═════ Available records ═════

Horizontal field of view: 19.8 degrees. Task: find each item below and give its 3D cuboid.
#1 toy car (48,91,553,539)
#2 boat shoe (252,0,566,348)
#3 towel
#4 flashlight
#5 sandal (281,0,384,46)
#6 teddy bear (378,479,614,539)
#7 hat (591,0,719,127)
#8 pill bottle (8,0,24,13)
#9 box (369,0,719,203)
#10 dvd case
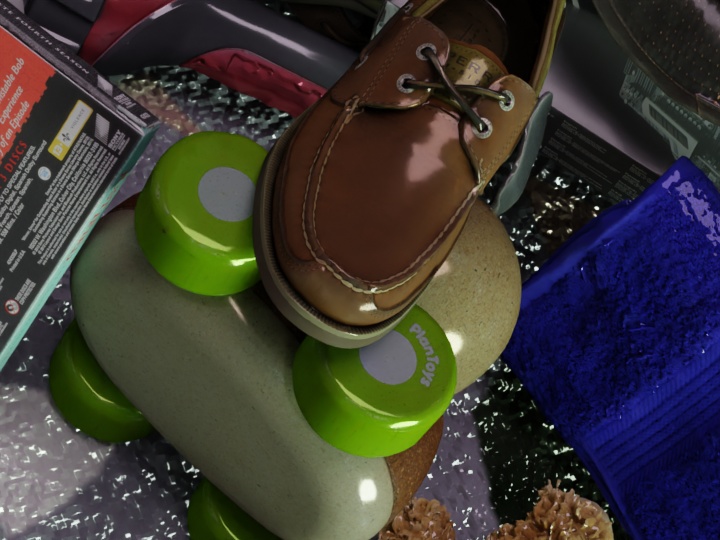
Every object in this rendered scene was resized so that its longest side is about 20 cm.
[{"bbox_3d":[0.000,0.000,0.815,0.158,0.164,0.200,45,55,6],"label":"toy car"},{"bbox_3d":[0.022,-0.058,0.725,0.072,0.068,0.200,34,44,-9],"label":"boat shoe"},{"bbox_3d":[0.142,0.069,0.849,0.050,0.148,0.200,-30,79,-38],"label":"towel"},{"bbox_3d":[-0.053,-0.087,0.913,0.200,0.068,0.068,27,57,-14],"label":"flashlight"},{"bbox_3d":[-0.011,-0.143,0.971,0.201,0.057,0.080,13,61,1],"label":"sandal"},{"bbox_3d":[0.046,0.155,0.820,0.145,0.067,0.200,51,48,-1],"label":"teddy bear"},{"bbox_3d":[0.182,-0.143,0.840,0.200,0.081,0.201,0,84,3],"label":"hat"},{"bbox_3d":[-0.210,-0.130,0.833,0.112,0.112,0.200,-20,71,-32],"label":"pill bottle"},{"bbox_3d":[0.128,-0.113,0.890,0.200,0.050,0.158,34,71,1],"label":"box"},{"bbox_3d":[-0.188,-0.060,0.759,0.200,0.146,0.022,37,26,2],"label":"dvd case"}]

═════

Output the records exactly, please. The pictures are not part of the copy.

Horizontal field of view: 19.8 degrees. Task: find each item below and give its 3D cuboid.
#1 toy car (48,91,553,539)
#2 boat shoe (252,0,566,348)
#3 towel
#4 flashlight
#5 sandal (281,0,384,46)
#6 teddy bear (378,479,614,539)
#7 hat (591,0,719,127)
#8 pill bottle (8,0,24,13)
#9 box (369,0,719,203)
#10 dvd case
Every object in this rendered scene was resized so that its longest side is about 20 cm.
[{"bbox_3d":[0.000,0.000,0.815,0.158,0.164,0.200,45,55,6],"label":"toy car"},{"bbox_3d":[0.022,-0.058,0.725,0.072,0.068,0.200,34,44,-9],"label":"boat shoe"},{"bbox_3d":[0.142,0.069,0.849,0.050,0.148,0.200,-30,79,-38],"label":"towel"},{"bbox_3d":[-0.053,-0.087,0.913,0.200,0.068,0.068,27,57,-14],"label":"flashlight"},{"bbox_3d":[-0.011,-0.143,0.971,0.201,0.057,0.080,13,61,1],"label":"sandal"},{"bbox_3d":[0.046,0.155,0.820,0.145,0.067,0.200,51,48,-1],"label":"teddy bear"},{"bbox_3d":[0.182,-0.143,0.840,0.200,0.081,0.201,0,84,3],"label":"hat"},{"bbox_3d":[-0.210,-0.130,0.833,0.112,0.112,0.200,-20,71,-32],"label":"pill bottle"},{"bbox_3d":[0.128,-0.113,0.890,0.200,0.050,0.158,34,71,1],"label":"box"},{"bbox_3d":[-0.188,-0.060,0.759,0.200,0.146,0.022,37,26,2],"label":"dvd case"}]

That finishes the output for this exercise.